Léonore Bonin, Cloé Brochette and Adrián Herrera
Are Sohal surgeonfish (Acanthurus sohal) more willing to chase fish that can compete for food resources in a 1-meter diameter around them?
INTRODUCTION
Coral reefs are among the most highly productive marine ecosystems providing various ecological niches in which thousands of animal species coexist (Loya, 1972; Marshell & Mumby, 2015). One of the most conspicuous and abundant species in shallow coral reefs is the Surgeonfish (Acanthuridae), a diurnal, gregarious and grazing species feeding from small benthic algae (Nursall, 1974; Carpenter, 1986). For our project, we focused on the species named the Sohal surgeonfish (Acanthurus sohal), a vivid blue fish with white stripes along the body; endemic to the Red Sea and living around flat reefs. They are also easily recognizable thanks to their single scalpel-like blade that they use to compete with conspecifics for dominance and mating, but also to attack or to defend against predators. Indeed, as coral reefs are a complex ecosystem, they offer a great habitat and a food resource for many fish species, making it very common that two or several different fish territories overlap (Alwany et al; 2005).
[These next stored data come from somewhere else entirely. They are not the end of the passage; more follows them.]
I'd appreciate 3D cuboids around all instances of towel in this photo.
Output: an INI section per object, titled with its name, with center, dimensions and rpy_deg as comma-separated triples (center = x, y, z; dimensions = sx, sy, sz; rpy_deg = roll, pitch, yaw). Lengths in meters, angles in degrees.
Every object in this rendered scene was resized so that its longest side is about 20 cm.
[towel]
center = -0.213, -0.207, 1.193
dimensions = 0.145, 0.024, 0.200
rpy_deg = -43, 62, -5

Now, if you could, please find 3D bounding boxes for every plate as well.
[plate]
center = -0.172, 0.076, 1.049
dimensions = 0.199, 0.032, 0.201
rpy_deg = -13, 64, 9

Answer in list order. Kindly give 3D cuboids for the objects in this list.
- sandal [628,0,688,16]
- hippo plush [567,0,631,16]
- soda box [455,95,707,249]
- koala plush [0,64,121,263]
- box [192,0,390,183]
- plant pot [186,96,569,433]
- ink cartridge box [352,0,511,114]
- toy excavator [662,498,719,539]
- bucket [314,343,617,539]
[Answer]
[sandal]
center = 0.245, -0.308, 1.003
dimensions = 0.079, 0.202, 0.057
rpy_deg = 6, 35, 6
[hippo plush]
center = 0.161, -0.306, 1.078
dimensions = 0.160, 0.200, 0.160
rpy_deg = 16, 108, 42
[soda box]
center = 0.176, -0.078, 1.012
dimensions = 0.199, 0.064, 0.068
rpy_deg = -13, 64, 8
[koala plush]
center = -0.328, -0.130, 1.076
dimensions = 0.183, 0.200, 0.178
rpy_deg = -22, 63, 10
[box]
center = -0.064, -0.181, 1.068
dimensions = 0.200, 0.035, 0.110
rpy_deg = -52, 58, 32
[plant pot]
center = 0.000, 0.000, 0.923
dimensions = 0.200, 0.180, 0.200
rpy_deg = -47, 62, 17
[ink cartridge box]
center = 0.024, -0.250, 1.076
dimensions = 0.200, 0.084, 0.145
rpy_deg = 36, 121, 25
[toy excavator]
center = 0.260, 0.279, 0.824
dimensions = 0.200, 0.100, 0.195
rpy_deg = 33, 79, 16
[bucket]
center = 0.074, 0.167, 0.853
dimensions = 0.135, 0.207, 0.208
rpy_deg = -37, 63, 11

In highly diversified environments, food is a limited resource and fishes have to defend their territory against competitors; a behaviour – territoriality – that might be an adaptation to resource limitation (Alwany et al., 2005). Sohal surgeonfish is known to aggressively defend its feeding territory (Marshell & Mumby, 2015), however, it would be too much demanding for the fish to exclude every intruders in its feeding zone (Craig, 1996). The aim of our project was to establish if the species A. sohal tolerates some families more than others in a 1-meter range around it. As A. sohal are diurnal herbivores that graze on benthic algae or feed on zooplankton, we expect that the intensity of the agonistic reaction will be adjusted regarding the potential threat of the intruder fish. Thus, we expect herbivorous families who share the same diet (like Acanthuridae or Pomacentridae) to be more at risk to be chased than other herbivorous, carnivorous or omnivorous species because of competition.
METHODS
Data were collected in El Quseir, Egypt during three days in June (from the 6th to the 9th).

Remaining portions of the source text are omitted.